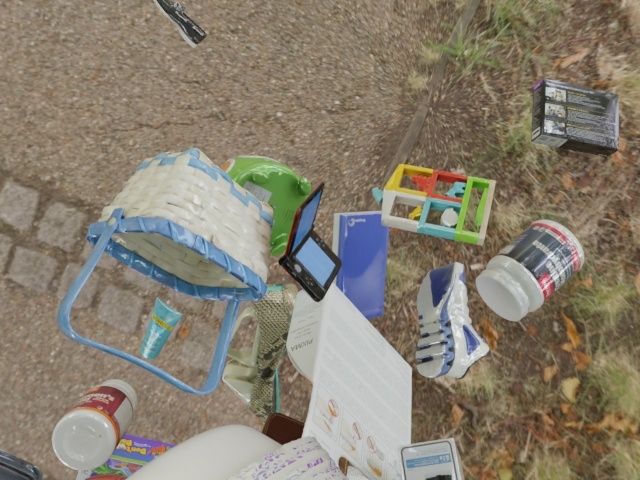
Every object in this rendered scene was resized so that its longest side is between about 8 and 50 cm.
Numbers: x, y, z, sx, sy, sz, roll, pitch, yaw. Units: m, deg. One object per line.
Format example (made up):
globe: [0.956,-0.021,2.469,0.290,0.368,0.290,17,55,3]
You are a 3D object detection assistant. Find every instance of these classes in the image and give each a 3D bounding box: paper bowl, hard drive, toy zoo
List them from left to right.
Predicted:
paper bowl: [-0.104,0.272,0.522,0.284,0.284,0.148,-47,67,16]
hard drive: [0.115,0.077,1.789,0.040,0.210,0.319,12,103,45]
toy zoo: [0.272,-0.098,1.517,0.293,0.192,0.030,13,145,14]

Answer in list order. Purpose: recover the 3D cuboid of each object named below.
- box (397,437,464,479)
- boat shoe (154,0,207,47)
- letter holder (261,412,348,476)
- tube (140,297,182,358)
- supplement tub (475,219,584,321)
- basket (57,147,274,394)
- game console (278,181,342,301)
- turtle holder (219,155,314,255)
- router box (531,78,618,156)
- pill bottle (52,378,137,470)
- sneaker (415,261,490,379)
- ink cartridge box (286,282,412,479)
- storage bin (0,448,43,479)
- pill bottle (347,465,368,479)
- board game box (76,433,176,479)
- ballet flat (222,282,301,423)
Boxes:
box: [0.188,0.459,0.898,0.087,0.169,0.290,-12,59,10]
boat shoe: [-0.262,-0.417,1.130,0.038,0.046,0.125,-35,115,13]
letter holder: [-0.085,0.525,1.204,0.214,0.302,0.152,30,136,-22]
tube: [-0.424,0.235,1.612,0.080,0.052,0.207,31,127,-1]
supplement tub: [0.604,0.085,1.768,0.272,0.191,0.191,-38,94,-17]
basket: [-0.196,0.043,0.850,0.201,0.289,0.255,-8,144,36]
game console: [0.000,0.000,0.911,0.085,0.144,0.124,-39,96,26]
turtle holder: [-0.150,-0.114,1.629,0.227,0.320,0.244,33,126,47]
router box: [0.543,-0.260,1.301,0.178,0.046,0.133,10,75,-7]
pill bottle: [-0.458,0.372,1.270,0.121,0.221,0.121,0,96,-3]
sneaker: [0.360,0.234,1.648,0.182,0.316,0.127,25,153,-31]
ink cartridge box: [0.051,0.306,1.112,0.091,0.385,0.308,-25,121,28]
storage bin: [-0.378,0.302,0.649,0.098,0.091,0.135,34,103,-16]
pill bottle: [0.055,0.708,1.745,0.229,0.131,0.131,12,104,-6]
board game box: [-0.506,0.650,1.551,0.233,0.078,0.347,17,113,-12]
ballet flat: [-0.168,0.304,1.617,0.181,0.164,0.483,4,124,-13]

------------------------------------------------------------------------

# [The problem]
Set out exactly, and only, the lines between the first line of the listing and the line containing "- ballet flat (222,282,301,423)", counting both, while leaving every picture out.

# [Response for this exercise]
Every object in this rendered scene was resized so that its longest side is between about 8 and 50 cm.
Numbers: x, y, z, sx, sy, sz, roll, pitch, yaw. Units: m, deg. One object per line.
Format example (made up):
globe: [0.956,-0.021,2.469,0.290,0.368,0.290,17,55,3]
You are a 3D object detection assistant. Find every instance of these classes in the image and give each a 3D bounding box: paper bowl, hard drive, toy zoo
List them from left to right.
Predicted:
paper bowl: [-0.104,0.272,0.522,0.284,0.284,0.148,-47,67,16]
hard drive: [0.115,0.077,1.789,0.040,0.210,0.319,12,103,45]
toy zoo: [0.272,-0.098,1.517,0.293,0.192,0.030,13,145,14]

Answer in list order. Purpose: recover the 3D cuboid of each object named below.
- box (397,437,464,479)
- boat shoe (154,0,207,47)
- letter holder (261,412,348,476)
- tube (140,297,182,358)
- supplement tub (475,219,584,321)
- basket (57,147,274,394)
- game console (278,181,342,301)
- turtle holder (219,155,314,255)
- router box (531,78,618,156)
- pill bottle (52,378,137,470)
- sneaker (415,261,490,379)
- ink cartridge box (286,282,412,479)
- storage bin (0,448,43,479)
- pill bottle (347,465,368,479)
- board game box (76,433,176,479)
- ballet flat (222,282,301,423)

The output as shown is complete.